⟨

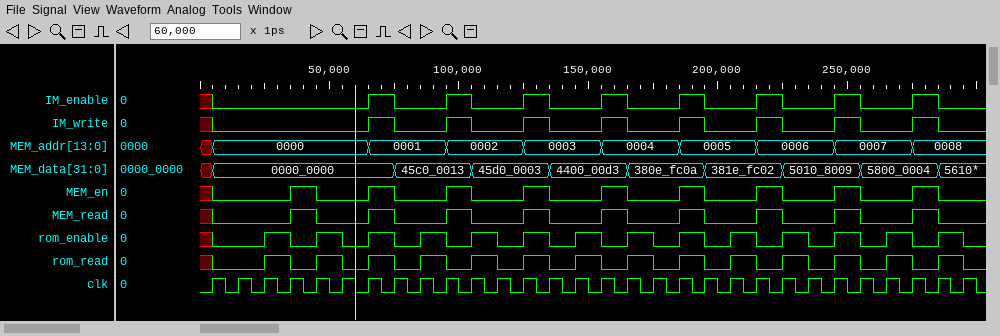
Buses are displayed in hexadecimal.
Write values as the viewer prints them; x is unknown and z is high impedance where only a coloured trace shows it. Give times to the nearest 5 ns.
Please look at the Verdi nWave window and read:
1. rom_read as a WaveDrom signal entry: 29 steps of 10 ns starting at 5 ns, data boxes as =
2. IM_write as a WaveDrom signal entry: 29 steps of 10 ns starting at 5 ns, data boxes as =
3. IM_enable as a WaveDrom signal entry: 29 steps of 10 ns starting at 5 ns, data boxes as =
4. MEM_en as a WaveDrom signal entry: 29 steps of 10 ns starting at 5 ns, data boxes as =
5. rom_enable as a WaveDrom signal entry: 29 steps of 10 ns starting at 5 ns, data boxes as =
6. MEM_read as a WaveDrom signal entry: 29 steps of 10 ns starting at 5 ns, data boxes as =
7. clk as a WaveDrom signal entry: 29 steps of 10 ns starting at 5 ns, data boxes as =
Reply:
{name: 'rom_read', wave: '0.101010101010101010101010101'}
{name: 'IM_write', wave: '0.....10.10.10.10.10.10.10.10'}
{name: 'IM_enable', wave: '0.....10.10.10.10.10.10.10.10'}
{name: 'MEM_en', wave: '0..10.10.10.10.10.10.10.10.10'}
{name: 'rom_enable', wave: '0.101010101010101010101010101'}
{name: 'MEM_read', wave: '0..10.10.10.10.10.10.10.10.10'}
{name: 'clk', wave: 'p............................'}
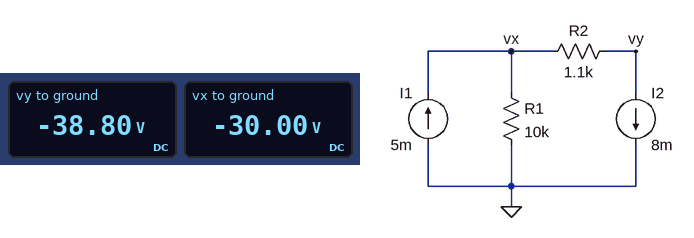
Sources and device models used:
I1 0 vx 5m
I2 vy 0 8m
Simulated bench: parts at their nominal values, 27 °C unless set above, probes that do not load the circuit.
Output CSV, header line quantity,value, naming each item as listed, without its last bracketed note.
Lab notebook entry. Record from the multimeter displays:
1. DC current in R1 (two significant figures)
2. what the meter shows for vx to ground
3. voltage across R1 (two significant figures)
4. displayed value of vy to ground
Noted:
quantity,value
DC current in R1,3.0 mA
what the meter shows for vx to ground,-30.00 V
voltage across R1,30 V
displayed value of vy to ground,-38.80 V
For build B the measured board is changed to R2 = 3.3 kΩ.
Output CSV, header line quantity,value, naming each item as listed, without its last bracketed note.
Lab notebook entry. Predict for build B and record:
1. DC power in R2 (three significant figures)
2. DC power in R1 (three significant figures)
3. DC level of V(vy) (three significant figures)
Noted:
quantity,value
DC power in R2,211 mW
DC power in R1,90.0 mW
DC level of V(vy),-56.4 V
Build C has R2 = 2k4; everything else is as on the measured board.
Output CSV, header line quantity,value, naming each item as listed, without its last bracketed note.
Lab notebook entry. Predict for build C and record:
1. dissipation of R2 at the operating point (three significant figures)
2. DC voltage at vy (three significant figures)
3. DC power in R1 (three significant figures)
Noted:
quantity,value
dissipation of R2 at the operating point,154 mW
DC voltage at vy,-49.2 V
DC power in R1,90.0 mW
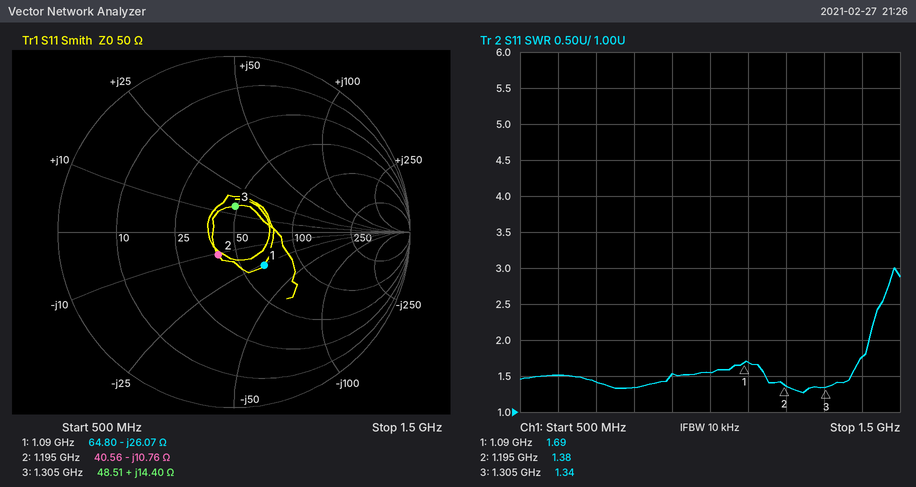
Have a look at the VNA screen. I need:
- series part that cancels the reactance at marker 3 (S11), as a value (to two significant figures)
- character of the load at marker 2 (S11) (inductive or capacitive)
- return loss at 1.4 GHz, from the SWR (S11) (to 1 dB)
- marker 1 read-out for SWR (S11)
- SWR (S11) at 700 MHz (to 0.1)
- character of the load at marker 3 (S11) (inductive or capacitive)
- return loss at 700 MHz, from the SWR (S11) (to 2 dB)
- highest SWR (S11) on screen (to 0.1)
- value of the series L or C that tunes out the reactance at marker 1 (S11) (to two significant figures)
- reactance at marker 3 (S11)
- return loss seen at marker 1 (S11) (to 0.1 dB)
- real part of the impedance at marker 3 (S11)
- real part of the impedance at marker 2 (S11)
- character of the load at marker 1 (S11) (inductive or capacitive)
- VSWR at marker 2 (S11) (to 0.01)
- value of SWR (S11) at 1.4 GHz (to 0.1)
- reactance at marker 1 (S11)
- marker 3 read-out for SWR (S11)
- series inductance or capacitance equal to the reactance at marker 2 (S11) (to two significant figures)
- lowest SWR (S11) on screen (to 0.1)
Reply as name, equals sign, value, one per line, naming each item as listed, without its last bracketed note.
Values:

⟩

Everything in the records is to be repeated verbatim except the pictures.

*Finished task*
Buses are displayed in hexadecimal.
Write values as the viewer prints them; x is unknown and z is high impedance where only a coloured trace shows it. Give times to the nearest 5 ns.
Please look at the Verdi nWave window and read:
1. rom_read as a WaveDrom signal entry: 29 steps of 10 ns starting at 5 ns, data boxes as =
2. IM_write as a WaveDrom signal entry: 29 steps of 10 ns starting at 5 ns, data boxes as =
3. IM_enable as a WaveDrom signal entry: 29 steps of 10 ns starting at 5 ns, data boxes as =
4. MEM_en as a WaveDrom signal entry: 29 steps of 10 ns starting at 5 ns, data boxes as =
5. rom_enable as a WaveDrom signal entry: 29 steps of 10 ns starting at 5 ns, data boxes as =
6. MEM_read as a WaveDrom signal entry: 29 steps of 10 ns starting at 5 ns, data boxes as =
7. clk as a WaveDrom signal entry: 29 steps of 10 ns starting at 5 ns, data boxes as =
Reply:
{name: 'rom_read', wave: '0.101010101010101010101010101'}
{name: 'IM_write', wave: '0.....10.10.10.10.10.10.10.10'}
{name: 'IM_enable', wave: '0.....10.10.10.10.10.10.10.10'}
{name: 'MEM_en', wave: '0..10.10.10.10.10.10.10.10.10'}
{name: 'rom_enable', wave: '0.101010101010101010101010101'}
{name: 'MEM_read', wave: '0..10.10.10.10.10.10.10.10.10'}
{name: 'clk', wave: 'p............................'}
Sources and device models used:
I1 0 vx 5m
I2 vy 0 8m
Simulated bench: parts at their nominal values, 27 °C unless set above, probes that do not load the circuit.
Output CSV, header line quantity,value, naming each item as listed, without its last bracketed note.
Lab notebook entry. Record from the multimeter displays:
1. DC current in R1 (two significant figures)
2. what the meter shows for vx to ground
3. voltage across R1 (two significant figures)
4. displayed value of vy to ground
Noted:
quantity,value
DC current in R1,3.0 mA
what the meter shows for vx to ground,-30.00 V
voltage across R1,30 V
displayed value of vy to ground,-38.80 V
For build B the measured board is changed to R2 = 3.3 kΩ.
Output CSV, header line quantity,value, naming each item as listed, without its last bracketed note.
Lab notebook entry. Predict for build B and record:
1. DC power in R2 (three significant figures)
2. DC power in R1 (three significant figures)
3. DC level of V(vy) (three significant figures)
Noted:
quantity,value
DC power in R2,211 mW
DC power in R1,90.0 mW
DC level of V(vy),-56.4 V
Build C has R2 = 2k4; everything else is as on the measured board.
Output CSV, header line quantity,value, naming each item as listed, without its last bracketed note.
Lab notebook entry. Predict for build C and record:
1. dissipation of R2 at the operating point (three significant figures)
2. DC voltage at vy (three significant figures)
3. DC power in R1 (three significant figures)
Noted:
quantity,value
dissipation of R2 at the operating point,154 mW
DC voltage at vy,-49.2 V
DC power in R1,90.0 mW
Have a look at the VNA screen. I need:
- series part that cancels the reactance at marker 3 (S11), as a value (to two significant figures)
- character of the load at marker 2 (S11) (inductive or capacitive)
- return loss at 1.4 GHz, from the SWR (S11) (to 1 dB)
- marker 1 read-out for SWR (S11)
- SWR (S11) at 700 MHz (to 0.1)
- character of the load at marker 3 (S11) (inductive or capacitive)
- return loss at 700 MHz, from the SWR (S11) (to 2 dB)
- highest SWR (S11) on screen (to 0.1)
- value of the series L or C that tunes out the reactance at marker 1 (S11) (to two significant figures)
- reactance at marker 3 (S11)
- return loss seen at marker 1 (S11) (to 0.1 dB)
- real part of the impedance at marker 3 (S11)
- real part of the impedance at marker 2 (S11)
- character of the load at marker 1 (S11) (inductive or capacitive)
- VSWR at marker 2 (S11) (to 0.01)
- value of SWR (S11) at 1.4 GHz (to 0.1)
- reactance at marker 1 (S11)
- marker 3 read-out for SWR (S11)
- series inductance or capacitance equal to the reactance at marker 2 (S11) (to two significant figures)
- lowest SWR (S11) on screen (to 0.1)
Reply as name, equals sign, value, one per line, naming each item as listed, without its last bracketed note.
Values:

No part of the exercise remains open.